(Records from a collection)
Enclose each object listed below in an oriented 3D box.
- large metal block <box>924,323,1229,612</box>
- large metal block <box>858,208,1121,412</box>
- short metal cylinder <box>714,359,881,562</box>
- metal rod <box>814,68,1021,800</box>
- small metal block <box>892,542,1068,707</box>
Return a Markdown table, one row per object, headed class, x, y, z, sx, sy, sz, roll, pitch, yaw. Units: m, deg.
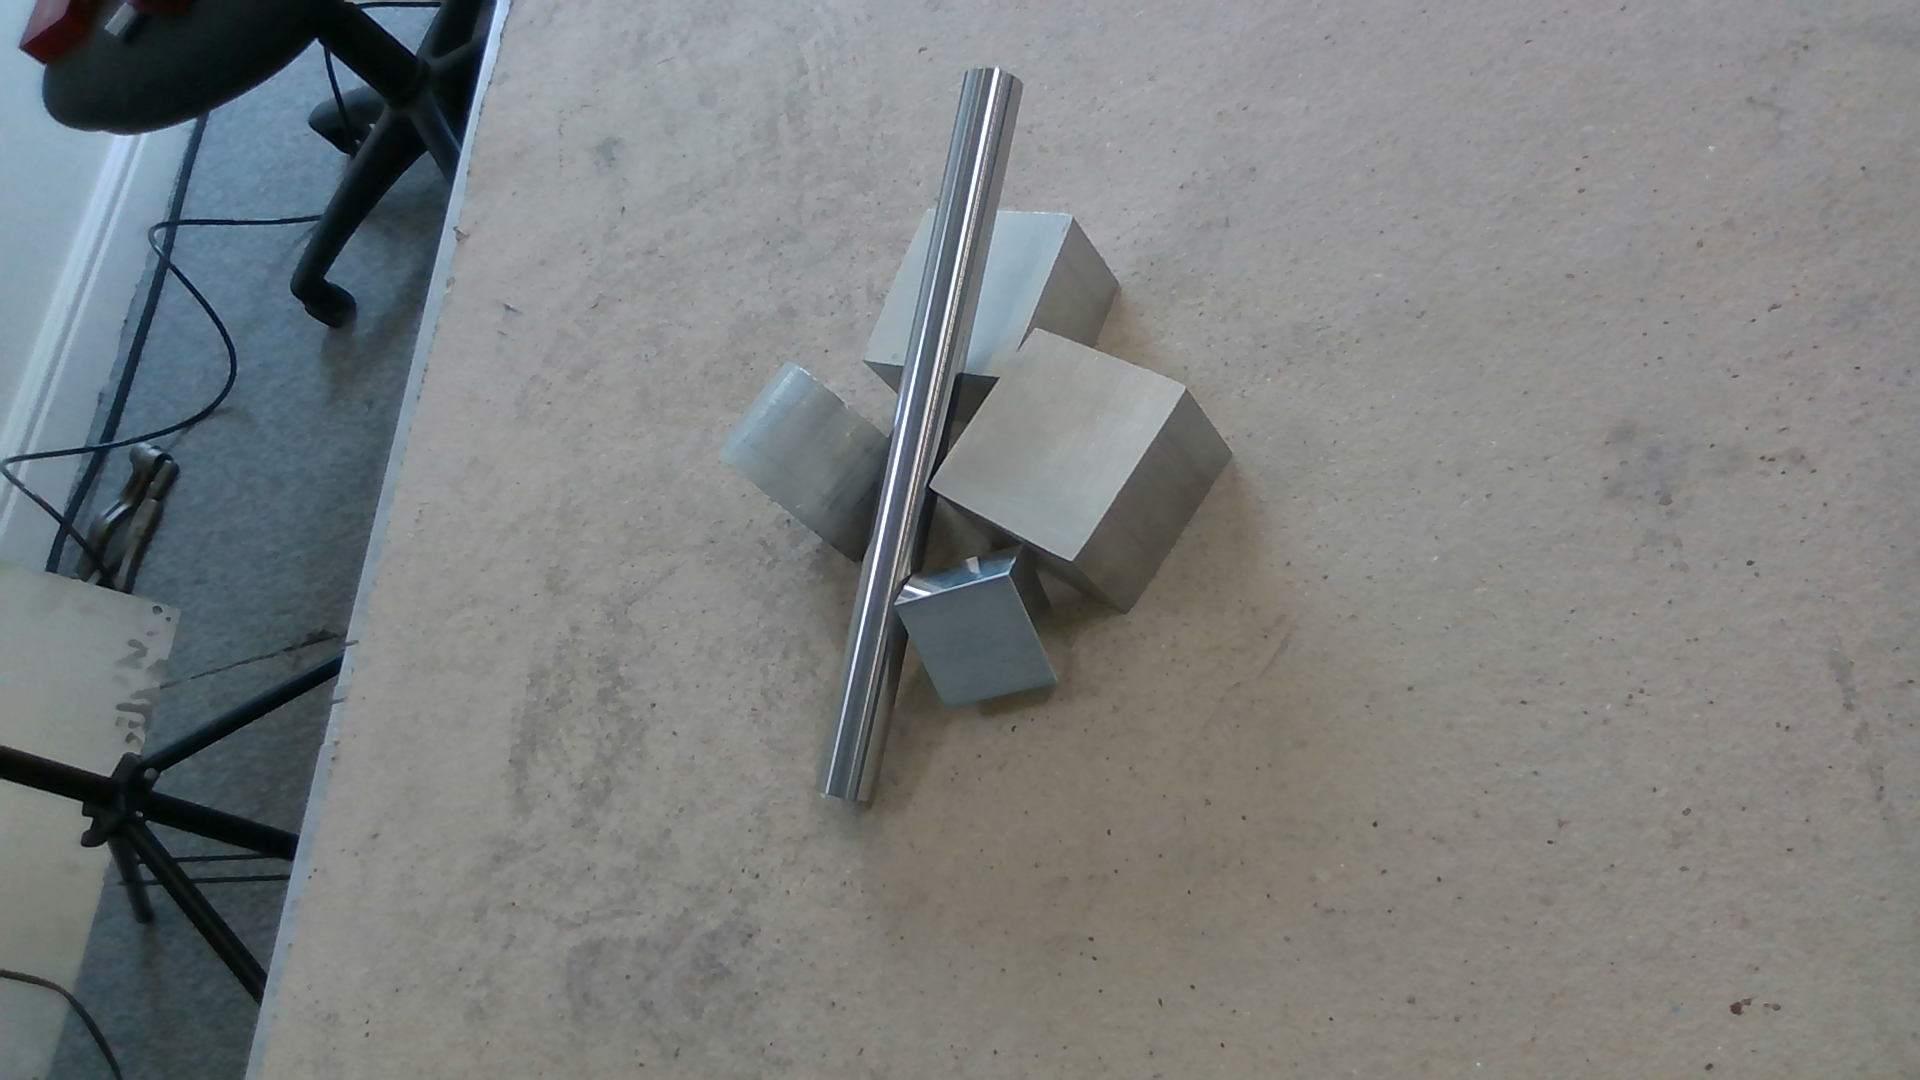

◆ **What the task requires**: When the word "large" appears in a line of the data, that line is counted; report the number only.

◆ **Response to the task**: 2